Use the status subcommand to show the status of all services available to a node in the backend HA cluster. This subcommand has the following syntax:

$ chef-backend-ctl status

and will return the status for all services. Status can be returned for individual services by specifying the name of the service as part of the command:

$ chef-backend-ctl status SERVICE_NAME

For example, full output:

$ chef-backend-ctl status

is similar to:

Service        Local Status        Time in State  Distributed Node Status
elasticsearch  running (pid 6661)  1d 5h 59m 41s  state: green; nodes online: 3/3
etcd           running (pid 6742)  1d 5h 59m 39s  health: green; healthy nodes: 3/3
leaderl        running (pid 6788)  1d 5h 59m 35s  leader: 1; waiting: 0; follower: 2; total: 3
postgresql     running (pid 6640)  1d 5h 59m 43s  leader: 1; offline: 0; syncing: 0; synced: 2

which shows status for a healthy backend HA cluster. The first three columns–Service, Local Status, and Time in State summarize the local state. The Distributed Node Status column shows:

  • A three node cluster
  • All nodes healthy and online
  • A leader selected with two followers (for both leader/follower status for the leaderl service and a leader/synced state for the postgresql service)

Simple output:

$ chef-backend-ctl status --simple

is similar to:

run: elasticsearch: (pid 6661) 106983s; run: log: (pid 6667) 106983s
run: etcd: (pid 6742) 106981s; run: log: (pid 6630) 106984s
run: leaderl: (pid 6788) 106976s; run: log: (pid 6739) 106982s
run: postgresql: (pid 6640) 106984s; run: log: (pid 6653) 106983s

which shows the state of the services, process identifiers, and uptime (in seconds). Simple output is useful if one (or more) nodes in the backend HA cluster are down or in a degraded state.

uninstall

The uninstall subcommand is used to remove the Chef server application from a machine in the backend HA cluster, but without removing any of the data. This subcommand will shut down all services (including the runit process supervisor).
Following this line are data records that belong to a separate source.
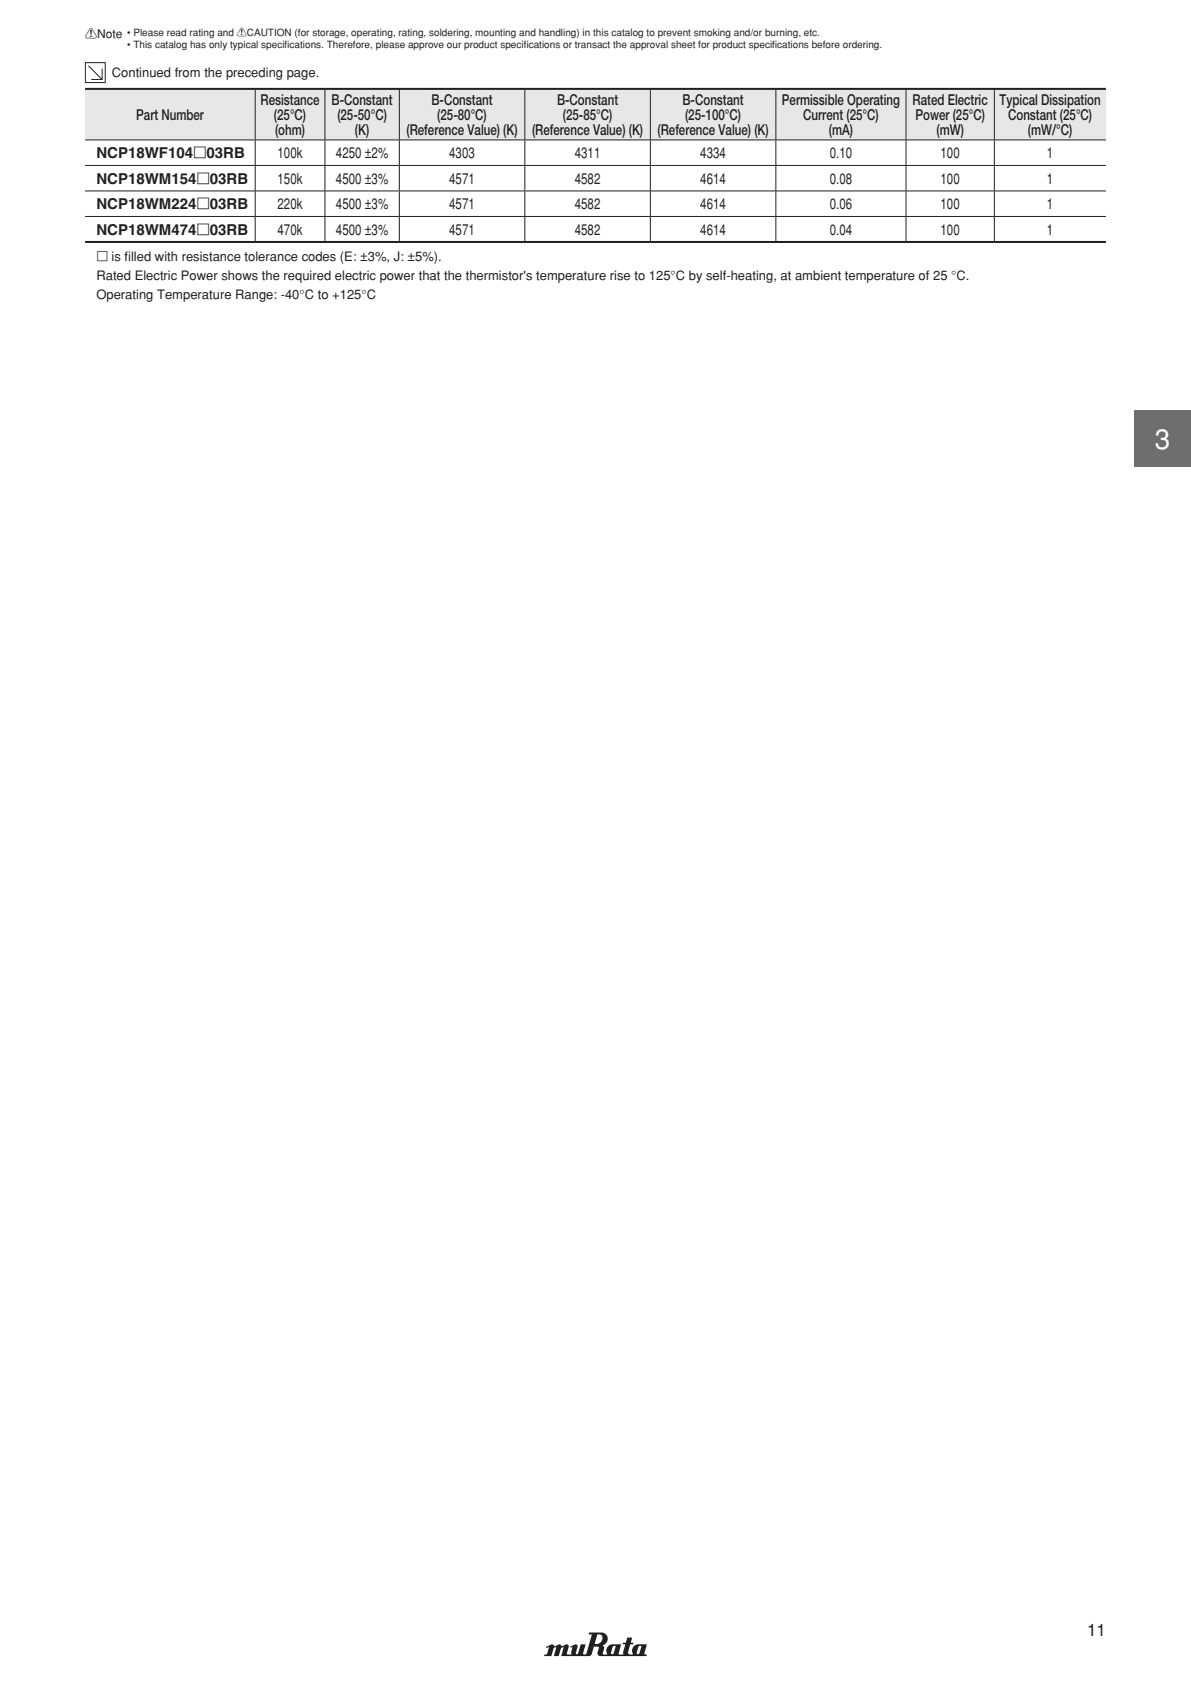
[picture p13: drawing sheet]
<svg xmlns="http://www.w3.org/2000/svg" width="210mm" height="297mm" viewBox="0 0 210 297" stroke-linecap="round" stroke-linejoin="round" font-family="sans-serif">
<defs><g id="words">
<text font-size="4.9" fill="#fff" x="203.6" y="79.1">3</text>
<text font-size="3" fill="#231f20" x="191.7" y="288.6">11</text>
<g font-size="2.6" fill="#231f20">
<text x="24" y="21.1">Part Number</text>
<text x="45.9" y="18.5">Resistance</text>
<text x="48.3" y="21.1">(25°C)</text>
<text x="48.5" y="23.8">(ohm)</text>
<text x="58.5" y="18.5">B-Constant</text>
<text x="59.5" y="21.1">(25-50°C)</text>
<text x="62.6" y="23.8">(K)</text>
<text x="71.7" y="23.8">(Reference Value) (K)</text>
<text x="76.1" y="18.5">B-Constant</text>
<text x="77.1" y="21.1">(25-80°C)</text>
<text x="93.8" y="23.8">(Reference Value) (K)</text>
<text x="98.2" y="18.5">B-Constant</text>
<text x="99.2" y="21.1">(25-85°C)</text>
<text x="115.9" y="23.8">(Reference Value) (K)</text>
<text x="120.3" y="18.5">B-Constant</text>
<text x="120.8" y="21.1">(25-100°C)</text>
<text x="137.9" y="18.5">Permissible Operating</text>
<text x="141.6" y="21.1">Current (25°C)</text>
<text x="146.1" y="23.8">(mA)</text>
<text x="160.9" y="18.5">Rated Electric</text>
<text x="161.4" y="21.1">Power (25°C)</text>
<text x="165.1" y="23.8">(mW)</text>
<text x="176.3" y="18.5">Typical Dissipation</text>
<text x="177.8" y="21.1">Constant (25°C)</text>
<text x="181.3" y="23.8">(mW/°C)</text>
<text x="17" y="27.9">NCP18WF104p03RB</text>
<text x="48.9" y="27.9">100k</text>
<text x="59.2" y="27.9">4250 ±2%</text>
<text x="79.2" y="27.9">4303</text>
<text x="101.3" y="27.9">4311</text>
<text x="123.5" y="27.9">4334</text>
<text x="146.3" y="27.9">0.10</text>
<text x="165.8" y="27.9">100</text>
<text x="184.6" y="27.9">1</text>
<text x="17" y="32.4">NCP18WM154p03RB</text>
<text x="48.9" y="32.4">150k</text>
<text x="59.2" y="32.4">4500 ±3%</text>
<text x="79.2" y="32.4">4571</text>
<text x="101.3" y="32.4">4582</text>
<text x="123.5" y="32.4">4614</text>
<text x="146.3" y="32.4">0.08</text>
<text x="165.8" y="32.4">100</text>
<text x="184.6" y="32.4">1</text>
<text x="17" y="36.9">NCP18WM224p03RB</text>
<text x="17" y="41.4">NCP18WM474p03RB</text>
<text x="48.9" y="36.9">220k</text>
<text x="48.9" y="41.4">470k</text>
<text x="59.2" y="36.9">4500 ±3%</text>
<text x="59.2" y="41.4">4500 ±3%</text>
<text x="79.2" y="36.9">4571</text>
<text x="79.2" y="41.4">4571</text>
<text x="101.3" y="36.9">4582</text>
<text x="101.3" y="41.4">4582</text>
<text x="123.5" y="36.9">4614</text>
<text x="123.5" y="41.4">4614</text>
<text x="146.3" y="36.9">0.06</text>
<text x="146.3" y="41.4">0.04</text>
<text x="165.8" y="36.9">100</text>
<text x="165.8" y="41.4">100</text>
<text x="184.6" y="36.9">1</text>
<text x="184.6" y="41.4">1</text>
</g>
<g font-size="2.3" fill="#231f20">
<text x="19.7" y="13.6">Continued from the preceding page.</text>
<text x="17" y="46">p is f</text>
<text x="22" y="46">i lled with resistance tolerance codes (E: ±3%, J: ±5%).</text>
<text x="17" y="49.3">Rated Electric Power shows the required electric power that the thermistor's temperature rise to 125°C by self-heating, at ambient temperature of 25 °C.</text>
<text x="17" y="52.7">Operating Temperature Range: -40°C to +125°C</text>
</g>
<text font-size="2.1" fill="#231f20" x="15" y="6.7">!Note</text>
<g font-size="1.8" fill="#231f20">
<text x="22.4" y="6.4">• Please read rating and !CAUTION (for storage, operating, rating, soldering, mounting and handling) in this catalog to prevent smoking and/or burning, etc.</text>
<text x="22.4" y="8.5">• This catalog has only typical specifcations. Therefore, please approve our product specif</text>
<text x="50.2" y="8.5">i</text>
<text x="92.3" y="8.5">i cations or transact the approval sheet for product specif</text>
<text x="136.2" y="8.5">i cations before ordering.</text>
</g>
</g></defs>
<path d="M15.1 11.1h3.5v3.5h-3.5zM15.6 11.6l2.4 2.4M18 12.1v1.9h-1.9" fill="none" stroke="#231f20" stroke-width=".18"/>
<path d="M15 15.7h30v9h-30zM45 15.7h12.3v9h-12.3zM57.3 15.7h13.1v9h-13.1zM70.4 15.7h22.1v9h-22.1zM92.5 15.7h22.2v9h-22.2zM114.7 15.7h22.1v9h-22.1zM136.8 15.7h23v9h-23zM159.8 15.7h15.5v9h-15.5zM175.3 15.7h19.7v9h-19.7z" fill="#e6e7e8"/>
<path d="M15 15.7h180M15 42.7h180" fill="none" stroke="#231f20" stroke-width=".35"/>
<g fill="none" stroke="#231f20" stroke-width=".18">
<path d="M45 15.9v8.7M57.3 15.9v8.7M70.4 15.9v8.7M92.5 15.9v8.7M114.7 15.9v8.7M136.8 15.9v8.7M159.8 15.9v8.7M175.3 15.9v8.7M15 24.7h180M15 29.2h180M15 33.7h180M15 38.2h180"/>
<path d="M45 24.7v4.4M45 29.2v4.4M45 33.7v4.4M45 38.2v4.3M57.3 24.7v4.4M57.3 29.2v4.4M57.3 33.7v4.4M57.3 38.2v4.3M70.4 24.7v4.4M70.4 29.2v4.4M70.4 33.7v4.4M70.4 38.2v4.3"/>
<path d="M92.5 24.7v4.4M92.5 29.2v4.4M92.5 33.7v4.4M92.5 38.2v4.3M114.7 24.7v4.4M114.7 29.2v4.4M114.7 33.7v4.4M114.7 38.2v4.3M136.8 24.7v4.4M136.8 29.2v4.4M136.8 33.7v4.4M136.8 38.2v4.3"/>
<path d="M159.8 24.7v4.4M159.8 29.2v4.4M159.8 33.7v4.4M159.8 38.2v4.3M175.3 24.7v4.4M175.3 29.2v4.4M175.3 33.7v4.4M175.3 38.2v4.3"/>
</g>
<path d="M96.3 290.5l.1 .1 .3-.1a1.74 1.74 0 0 1-.5 1.3h-.2v.3h1.2l.4-1.4 .4-.2 .1 .1-.4 1.4 .1 .1h.7l.4-1.4 .4-.2 .1 .1-.4 1.4 .1 .1 5-.1 .2-.3 .5-1.3 .8 .1-.3 1a.5 .5 0 0 0 .5 .6h8.2v-.3l-.4-.2 .4-1.6h-1.4a1.22 1.22 0 0 0-1 1.8l-.7-.1-.2-.2 .4-1.5h.5l.1-.1v-.2l-.5-.1 .2-.8h-.8l-.3 .9-.5 .1v.2l.4 .1-.3 1.7h-.7l-.1-.2 .4-1.5-.1-.1a3.3 3.3 0 0 0-2 .2 1.35 1.35 0 0 0-.4 1.6h-.7l.2-1.2-.2-.4a1.18 1.18 0 0 0 .8-1.4 1.18 1.18 0 0 0-1.4-.9h-1.8l-.1 .3 .5 .1-.9 3.2a.35 .35 0 0 1-.2 .3 .35 .35 0 0 1-.4-.2l.4-1.6h-.8l-.5 1.6-.2 .1-.2-.2 .4-1.1a.36 .36 0 0 0-.6-.4l-.8 .4 .1 .2h.3l-.2 1.2h-.6l-.2-.2 .4-1.2a.35 .35 0 0 0-.5-.4l-.7 .4-.3-.4h-.2l-.8 .4a.44 .44 0 0 0-.6-.4zM105.3 288.3a.69 .69 0 0 1 .8 .2 .69 .69 0 0 1 .1 .7 1.01 1.01 0 0 1-1 .7h-.3zM108.1 290.4l.2-.1 .3 .1-.4 1.2-.3 .1-.2-.1zM112.6 290.4l.3-.1 .2 .1-.3 1.2-.4 .1-.2-.1z" fill="#231f20"/>
<path d="M200 72.3h10v10h-10z" fill="#6d6e70"/>
<use href="#words"/>
</svg>

This subcommand has the following syntax:

$ chef-backend-ctl uninstall

Note

To revert the uninstall subcommand, run the reconfigure subcommand (because the start subcommand is disabled by the uninstall command).

Service Subcommands

This command has a built in process supervisor that ensures all of the required services are in the appropriate state at any given time. The supervisor starts two processes per service and provides the following subcommands for managing services: hup, int, kill, once, restart, service-list, start, status, stop, tail, and term.

Warning

The following commands are disabled when an external PostgreSQL database is configured for the Chef server: hup, int, kill, once, restart, service-list, start, stop, tail, and term.

hup

Use the hup subcommand to send a SIGHUP to all services on a machine in the Chef server backend HA cluster. This command can also be run for an individual service by specifying the name of the service in the command.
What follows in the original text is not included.